• **EXERCISE BRIEF**:
The expected output is a copy of every line in the records with the string "blocks".

• **PROVIDED MATERIAL**:

★ ★ ★ ★ ★

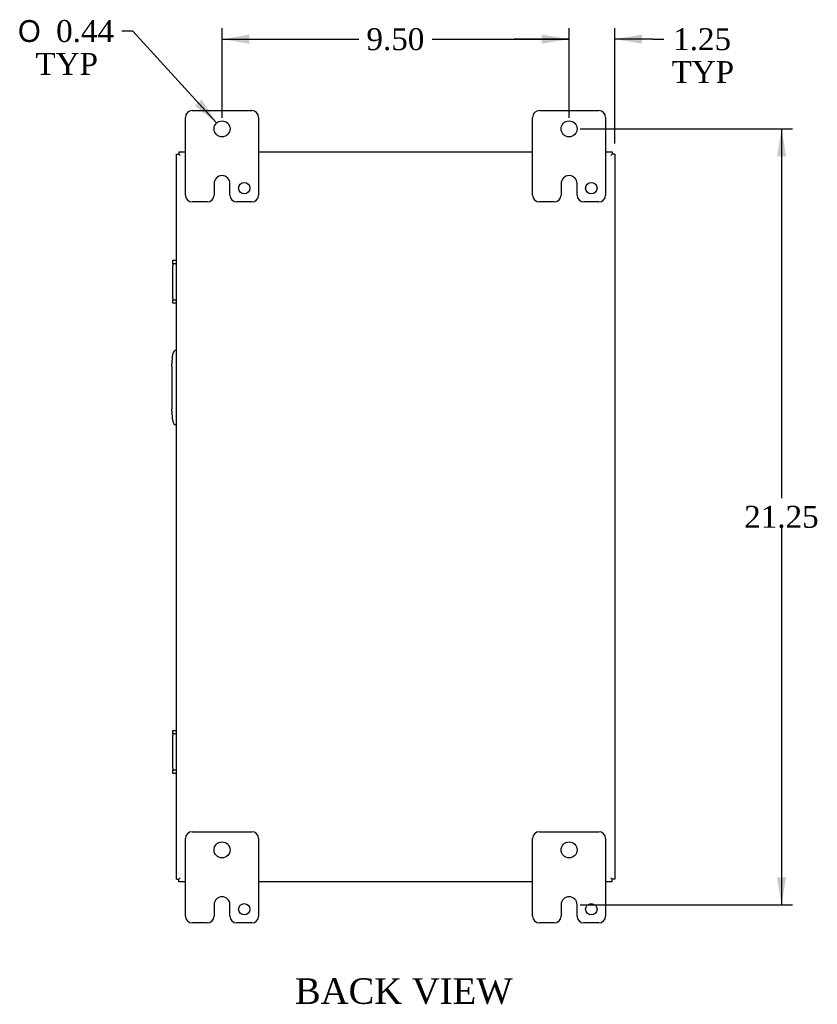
# Model space of a CAD drawing. Header units: inches. Extents: x 6 to 117, y 1 to 79.
# Tile 6 of 8: x 86 to 108, y 23 to 50. Entities that reach past the tile are written whole.
import ezdxf
from ezdxf.enums import TextEntityAlignment as Align

# ---------------------------------------------------------------- set-up
doc = ezdxf.new("R2010")
doc.units = ezdxf.units.IN
doc.header["$MEASUREMENT"] = 0
for name, color, linetype in [('COM40153-2', 7, 'CONTINUOUS'), ('COM42667', 7, 'CONTINUOUS'), ('COM48470', 7, 'CONTINUOUS'), ('DEFAULT', 7, 'CONTINUOUS'), ('FET07710', 7, 'CONTINUOUS')]:
    doc.layers.add(name, color=color, linetype=linetype)
doc.styles.add('SEACAD_SOLID_EDGE_ANSI1_SY', font='txt')
doc.styles.add('SEACAD_TIMES_NEW_ROMAN', font='times.ttf')

# ---------------------------------------------------------------- blocks, each defined once
blk = doc.blocks.new('GDIMGGROUP11')
at = {"layer": 'DEFAULT', "linetype": 'Continuous'}
for points in [[(92.198, 49.235), (91.448, 49.11), (92.198, 48.985)], [(100.198, 49.235), (100.198, 48.985), (100.948, 49.11)]]:
    blk.add_hatch(color=136, dxfattribs=at).paths.add_polyline_path(points)
at = {"layer": 'DEFAULT', "color": 136, "linetype": 'Continuous'}
for p, q in [((91.448, 46.953), (91.448, 49.41)), ((100.948, 46.953), (100.948, 49.41)), ((91.448, 49.11), (95.191, 49.11)), ((97.204, 49.11), (100.948, 49.11))]:
    blk.add_line(p, q, dxfattribs=at)
at = {"layer": 'DEFAULT', "color": 136, "linetype": 'Continuous', "style": 'SEACAD_TIMES_NEW_ROMAN'}
blk.add_text('9.50', height=0.6, dxfattribs=at).set_placement((95.401, 49.41), align=Align.TOP_LEFT)
blk = doc.blocks.new('GDIMGGROUP12')
at = {"layer": 'DEFAULT', "linetype": 'Continuous'}
for points in [[(100.198, 49.235), (100.198, 48.985), (100.948, 49.11)], [(102.948, 49.235), (102.198, 49.11), (102.948, 48.985)]]:
    blk.add_hatch(color=136, dxfattribs=at).paths.add_polyline_path(points)
at = {"layer": 'DEFAULT', "color": 136, "linetype": 'Continuous'}
for p, q in [((100.948, 47.172), (100.948, 49.41)), ((102.198, 46.256), (102.198, 49.41)), ((100.948, 49.11), (99.448, 49.11)), ((103.244, 49.11), (102.198, 49.11)), ((103.244, 49.11), (103.544, 49.11))]:
    blk.add_line(p, q, dxfattribs=at)
at = {"layer": 'DEFAULT', "color": 136, "linetype": 'Continuous', "style": 'SEACAD_TIMES_NEW_ROMAN'}
for s, p in [('1.25', (103.797, 49.41)), ('TYP', (103.754, 48.51))]:
    blk.add_text(s, height=0.6, dxfattribs=at).set_placement(p, align=Align.TOP_LEFT)
blk = doc.blocks.new('GDIMGGROUP13')
at = {"layer": 'DEFAULT', "linetype": 'Continuous'}
for points in [[(106.89, 45.903), (106.765, 46.653), (106.64, 45.903)], [(106.89, 26.153), (106.64, 26.153), (106.765, 25.403)]]:
    blk.add_hatch(color=136, dxfattribs=at).paths.add_polyline_path(points)
at = {"layer": 'DEFAULT', "color": 136, "linetype": 'Continuous'}
for p, q in [((101.248, 46.653), (107.065, 46.653)), ((106.765, 46.653), (106.765, 36.538)), ((106.765, 35.728), (106.765, 25.403)), ((101.248, 25.403), (107.065, 25.403))]:
    blk.add_line(p, q, dxfattribs=at)
at = {"layer": 'DEFAULT', "color": 136, "linetype": 'Continuous', "style": 'SEACAD_TIMES_NEW_ROMAN'}
blk.add_text('21.25', height=0.6, dxfattribs=at).set_placement((105.742, 36.328), align=Align.TOP_LEFT)
blk = doc.blocks.new('GDIMGGROUP22')
at = {"layer": 'DEFAULT', "linetype": 'Continuous'}
blk.add_hatch(color=136, dxfattribs=at).paths.add_polyline_path([(90.703, 47.285), (91.3, 46.815), (90.888, 47.454)])
at = {"layer": 'DEFAULT', "color": 136, "linetype": 'Continuous'}
for p, q in [((89.009, 49.332), (88.709, 49.332)), ((91.3, 46.815), (89.009, 49.332))]:
    blk.add_line(p, q, dxfattribs=at)
for s, style, p in [('O', 'SEACAD_SOLID_EDGE_ANSI1_SY', (85.862, 49.632)), ('0.44', 'SEACAD_TIMES_NEW_ROMAN', (86.907, 49.632)), ('TYP', 'SEACAD_TIMES_NEW_ROMAN', (86.342, 48.732))]:
    blk.add_text(s, height=0.6, dxfattribs=dict(at, style=style)).set_placement(p, align=Align.TOP_LEFT)

msp = doc.modelspace()

# ---------------------------------------------------------------- linework, layer by layer
at = {"layer": 'COM40153-2', "color": 7}
for p, q in [((90.073, 40.154), (90.102, 40.488)), ((90.073, 40.154), (90.073, 38.983)), ((90.102, 38.648), (90.073, 38.983))]:
    msp.add_line(p, q, dxfattribs=at)
for centre, start, end in [((90.226, 40.477), 103.3006, 175), ((90.226, 38.659), 185, 256.6994)]:
    msp.add_arc(centre, 0.125, start, end, dxfattribs=at)
at = {"layer": 'COM42667', "color": 7}
for p, q in [((90.102, 42.96), (90.102, 43.055)), ((90.102, 43.055), (90.198, 43.055)), ((90.102, 42.96), (90.102, 42.912)), ((90.198, 42.96), (90.102, 42.96)), ((90.102, 42.02), (90.102, 42.912)), ((90.102, 42.02), (90.102, 41.972)), ((90.102, 41.877), (90.102, 41.972)), ((90.102, 41.972), (90.198, 41.972)), ((90.198, 41.877), (90.102, 41.877)), ((90.102, 30.084), (90.102, 30.179)), ((90.102, 30.179), (90.198, 30.179)), ((90.102, 30.084), (90.102, 30.036)), ((90.198, 30.084), (90.102, 30.084)), ((90.102, 29.144), (90.102, 30.036)), ((90.102, 29.144), (90.102, 29.096)), ((90.102, 29.001), (90.102, 29.096)), ((90.102, 29.096), (90.198, 29.096)), ((90.198, 29.001), (90.102, 29.001))]:
    msp.add_line(p, q, dxfattribs=at)
at = {"layer": 'COM48470', "color": 7}
for p, q in [((90.198, 45.956), (90.27, 45.956)), ((90.198, 26.1), (90.198, 45.956)), ((90.27, 46.028), (90.27, 45.956)), ((90.27, 46.028), (90.448, 46.028)), ((90.27, 45.956), (90.306, 45.92)), ((90.27, 45.956), (90.306, 45.92)), ((92.448, 46.028), (99.948, 46.028)), ((101.948, 46.028), (102.126, 46.028)), ((102.126, 45.956), (102.09, 45.92)), ((102.126, 45.956), (102.09, 45.92)), ((102.126, 46.028), (102.126, 45.956)), ((102.198, 45.956), (102.126, 45.956)), ((102.198, 45.956), (102.198, 26.1)), ((90.198, 26.1), (90.27, 26.1)), ((90.27, 26.1), (90.306, 26.136)), ((90.27, 26.1), (90.306, 26.136)), ((90.27, 26.028), (90.27, 26.1)), ((90.448, 26.028), (90.27, 26.028)), ((99.948, 26.028), (92.448, 26.028)), ((102.126, 26.028), (101.948, 26.028)), ((102.126, 26.1), (102.09, 26.136)), ((102.126, 26.1), (102.09, 26.136)), ((102.198, 26.1), (102.126, 26.1)), ((102.126, 26.028), (102.126, 26.1))]:
    msp.add_line(p, q, dxfattribs=at)
at = {"layer": 'FET07710', "color": 7}
for p, q in [((90.448, 44.841), (90.448, 46.966)), ((90.635, 47.153), (92.26, 47.153)), ((92.448, 46.966), (92.448, 44.841)), ((99.948, 44.841), (99.948, 46.966)), ((100.135, 47.153), (101.76, 47.153)), ((101.948, 46.966), (101.948, 44.841)), ((91.448, 45.371), (91.448, 45.371)), ((100.948, 45.371), (100.948, 45.371)), ((91.23, 45.153), (91.23, 44.841)), ((91.666, 44.841), (91.666, 45.153)), ((100.73, 45.153), (100.73, 44.841)), ((101.166, 44.841), (101.166, 45.153)), ((91.042, 44.653), (90.635, 44.653)), ((92.26, 44.653), (91.854, 44.653)), ((100.542, 44.653), (100.135, 44.653)), ((101.76, 44.653), (101.354, 44.653)), ((90.635, 27.403), (92.26, 27.403)), ((100.135, 27.403), (101.76, 27.403)), ((90.448, 25.091), (90.448, 27.216)), ((92.448, 27.216), (92.448, 25.091)), ((99.948, 25.091), (99.948, 27.216)), ((101.948, 27.216), (101.948, 25.091)), ((91.448, 25.621), (91.448, 25.621)), ((100.948, 25.621), (100.948, 25.621)), ((91.23, 25.403), (91.23, 25.091)), ((91.666, 25.091), (91.666, 25.403)), ((100.73, 25.403), (100.73, 25.091)), ((101.166, 25.091), (101.166, 25.403)), ((91.042, 24.903), (90.635, 24.903)), ((92.26, 24.903), (91.854, 24.903)), ((100.542, 24.903), (100.135, 24.903)), ((101.76, 24.903), (101.354, 24.903))]:
    msp.add_line(p, q, dxfattribs=at)
for centre, radius in [((91.448, 46.653), 0.219), ((100.948, 46.653), 0.219), ((92.057, 45.028), 0.156), ((101.557, 45.028), 0.156), ((91.448, 26.903), 0.219), ((100.948, 26.903), 0.219), ((92.057, 25.278), 0.156), ((101.557, 25.278), 0.156)]:
    msp.add_circle(centre, radius, dxfattribs=at)
for centre, radius, start, end in [((90.635, 46.966), 0.188, 90, 180), ((92.26, 46.966), 0.188, 0, 90), ((100.135, 46.966), 0.188, 90, 180), ((101.76, 46.966), 0.188, 0, 90), ((91.448, 45.153), 0.218, 90, 180), ((91.448, 45.153), 0.218, 0, 90), ((100.948, 45.153), 0.218, 90, 180), ((100.948, 45.153), 0.218, 0, 90), ((90.635, 44.841), 0.188, 180, 270), ((91.042, 44.841), 0.188, 270, 0), ((91.854, 44.841), 0.188, 180, 270), ((92.26, 44.841), 0.188, 270, 0), ((100.135, 44.841), 0.188, 180, 270), ((100.542, 44.841), 0.188, 270, 0), ((101.354, 44.841), 0.188, 180, 270), ((101.76, 44.841), 0.188, 270, 0), ((90.635, 27.216), 0.188, 90, 180), ((92.26, 27.216), 0.188, 0, 90), ((100.135, 27.216), 0.188, 90, 180), ((101.76, 27.216), 0.188, 0, 90), ((91.448, 25.403), 0.218, 90, 180), ((91.448, 25.403), 0.218, 0, 90), ((100.948, 25.403), 0.218, 90, 180), ((100.948, 25.403), 0.218, 0, 90), ((90.635, 25.091), 0.188, 180, 270), ((91.042, 25.091), 0.188, 270, 0), ((91.854, 25.091), 0.188, 180, 270), ((92.26, 25.091), 0.188, 270, 0), ((100.135, 25.091), 0.188, 180, 270), ((100.542, 25.091), 0.188, 270, 0), ((101.354, 25.091), 0.188, 180, 270), ((101.76, 25.091), 0.188, 270, 0)]:
    msp.add_arc(centre, radius, start, end, dxfattribs=at)

# ---------------------------------------------------------------- block references
at = {"layer": 'DEFAULT', "color": 7}
for name in ['GDIMGGROUP22', 'GDIMGGROUP11', 'GDIMGGROUP12', 'GDIMGGROUP13']:
    msp.add_blockref(name, (0, 0), dxfattribs=at)

# ---------------------------------------------------------------- texts
at = {"layer": 'DEFAULT', "color": 7, "style": 'SEACAD_TIMES_NEW_ROMAN'}
msp.add_text('BACK VIEW', height=0.7, dxfattribs=at).set_placement((93.443, 23.388), align=Align.TOP_LEFT)

doc.saveas('drawing.dxf')

★ ★ ★ ★ ★

• **RESULT**:
# ---------------------------------------------------------------- blocks, each defined once
blk = doc.blocks.new('GDIMGGROUP11')
blk = doc.blocks.new('GDIMGGROUP12')
blk = doc.blocks.new('GDIMGGROUP13')
blk = doc.blocks.new('GDIMGGROUP22')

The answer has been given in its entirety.